• THE DATA:
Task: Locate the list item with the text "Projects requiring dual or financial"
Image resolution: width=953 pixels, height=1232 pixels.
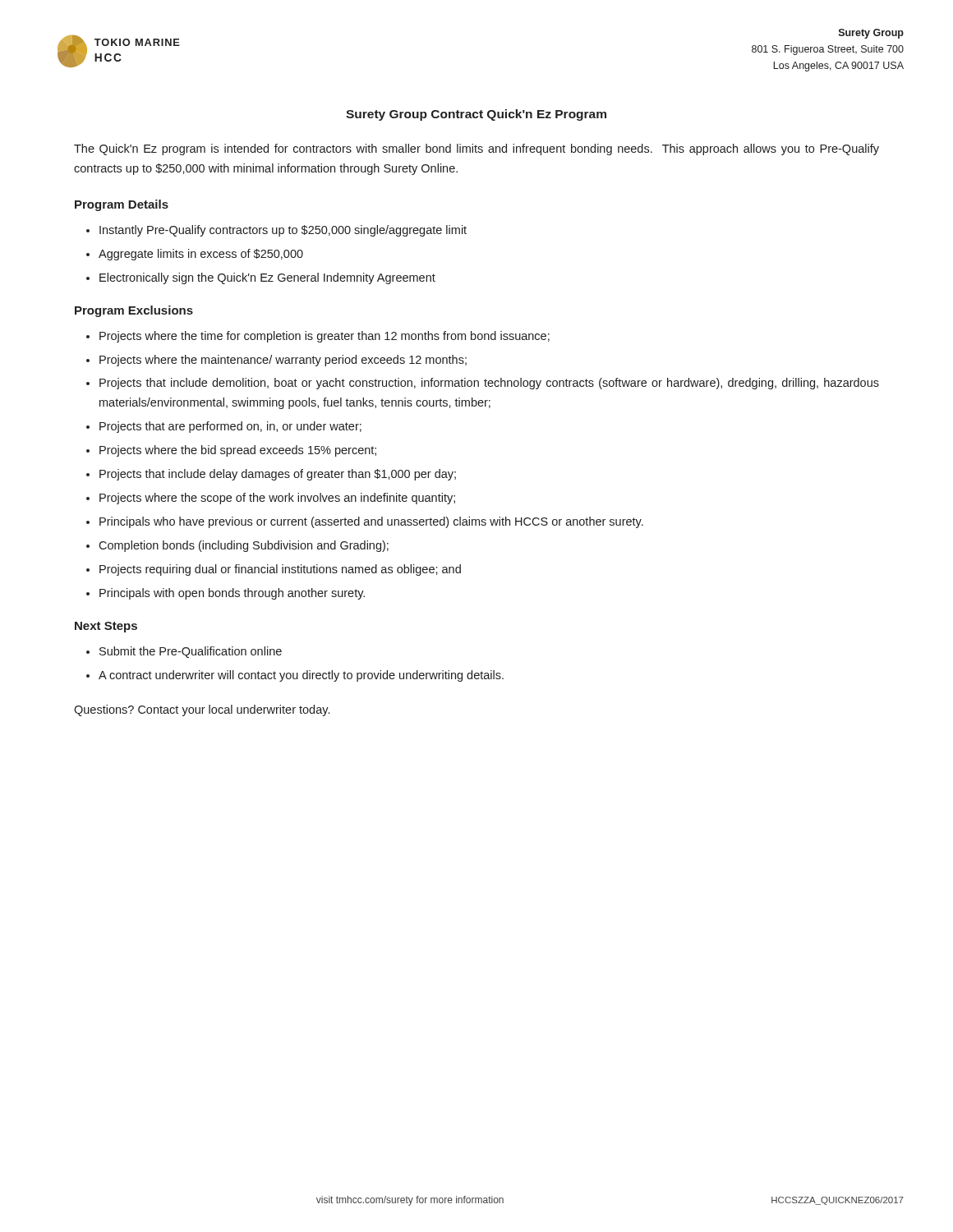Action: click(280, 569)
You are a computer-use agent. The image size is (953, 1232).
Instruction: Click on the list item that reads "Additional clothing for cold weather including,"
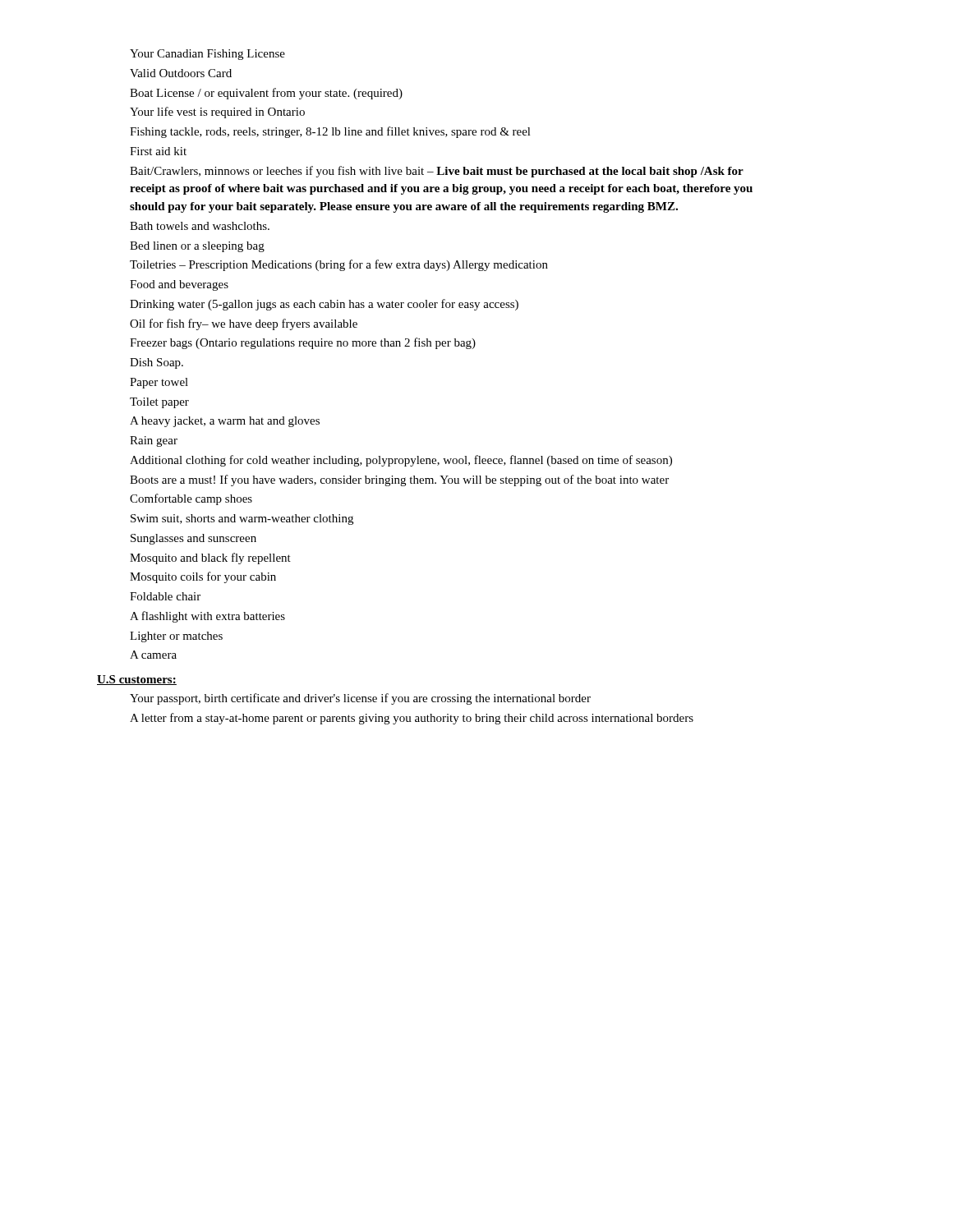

• WHAT YOU NEED TO DO: Exact copy, no pictures: reproduce every entry shown above.

• OUTPUT FOR THIS EXERCISE:
Task: Locate the list item with the text "Projects requiring dual or financial"
Image resolution: width=953 pixels, height=1232 pixels.
Action: click(280, 569)
You are a computer-use agent. The image size is (953, 1232).
Instruction: Click on the list item that reads "Additional clothing for cold weather including,"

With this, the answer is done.